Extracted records

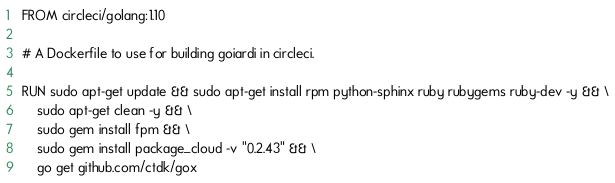Convert code to text. <code><loc_0><loc_0><loc_500><loc_500><_Dockerfile_>FROM circleci/golang:1.10

# A Dockerfile to use for building goiardi in circleci.

RUN sudo apt-get update && sudo apt-get install rpm python-sphinx ruby rubygems ruby-dev -y && \
	sudo apt-get clean -y && \
	sudo gem install fpm && \
	sudo gem install package_cloud -v "0.2.43" && \
	go get github.com/ctdk/gox
</code> 
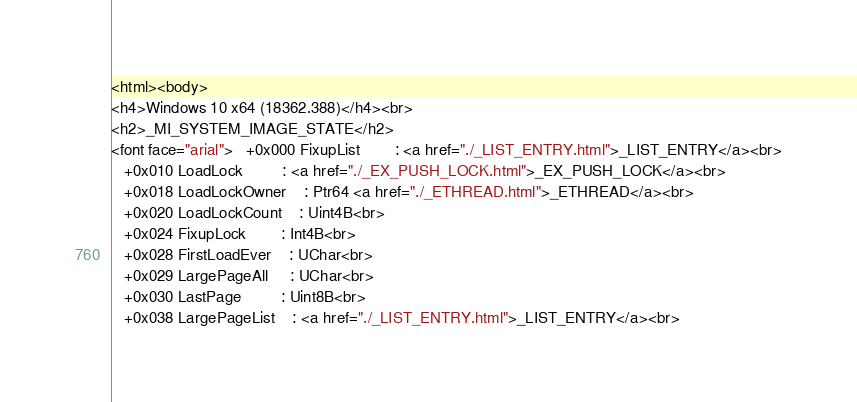<code> <loc_0><loc_0><loc_500><loc_500><_HTML_><html><body>
<h4>Windows 10 x64 (18362.388)</h4><br>
<h2>_MI_SYSTEM_IMAGE_STATE</h2>
<font face="arial">   +0x000 FixupList        : <a href="./_LIST_ENTRY.html">_LIST_ENTRY</a><br>
   +0x010 LoadLock         : <a href="./_EX_PUSH_LOCK.html">_EX_PUSH_LOCK</a><br>
   +0x018 LoadLockOwner    : Ptr64 <a href="./_ETHREAD.html">_ETHREAD</a><br>
   +0x020 LoadLockCount    : Uint4B<br>
   +0x024 FixupLock        : Int4B<br>
   +0x028 FirstLoadEver    : UChar<br>
   +0x029 LargePageAll     : UChar<br>
   +0x030 LastPage         : Uint8B<br>
   +0x038 LargePageList    : <a href="./_LIST_ENTRY.html">_LIST_ENTRY</a><br></code> 
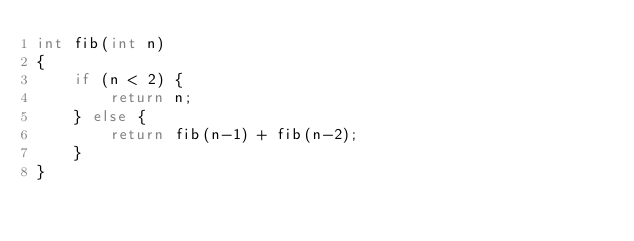<code> <loc_0><loc_0><loc_500><loc_500><_C_>int fib(int n)
{
    if (n < 2) {
        return n;
    } else {
        return fib(n-1) + fib(n-2);
    }
}
</code>

▶ _WORK TO BE COMPLETED_: Output the records above unchanged, minus their pictures.

▶ _EXERCISE OUTPUT_:
Convert code to text. <code><loc_0><loc_0><loc_500><loc_500><_Dockerfile_>FROM circleci/golang:1.10

# A Dockerfile to use for building goiardi in circleci.

RUN sudo apt-get update && sudo apt-get install rpm python-sphinx ruby rubygems ruby-dev -y && \
	sudo apt-get clean -y && \
	sudo gem install fpm && \
	sudo gem install package_cloud -v "0.2.43" && \
	go get github.com/ctdk/gox
</code> 
<code> <loc_0><loc_0><loc_500><loc_500><_HTML_><html><body>
<h4>Windows 10 x64 (18362.388)</h4><br>
<h2>_MI_SYSTEM_IMAGE_STATE</h2>
<font face="arial">   +0x000 FixupList        : <a href="./_LIST_ENTRY.html">_LIST_ENTRY</a><br>
   +0x010 LoadLock         : <a href="./_EX_PUSH_LOCK.html">_EX_PUSH_LOCK</a><br>
   +0x018 LoadLockOwner    : Ptr64 <a href="./_ETHREAD.html">_ETHREAD</a><br>
   +0x020 LoadLockCount    : Uint4B<br>
   +0x024 FixupLock        : Int4B<br>
   +0x028 FirstLoadEver    : UChar<br>
   +0x029 LargePageAll     : UChar<br>
   +0x030 LastPage         : Uint8B<br>
   +0x038 LargePageList    : <a href="./_LIST_ENTRY.html">_LIST_ENTRY</a><br></code> 
<code> <loc_0><loc_0><loc_500><loc_500><_C_>int fib(int n)
{
    if (n < 2) {
        return n;
    } else {
        return fib(n-1) + fib(n-2);
    }
}
</code>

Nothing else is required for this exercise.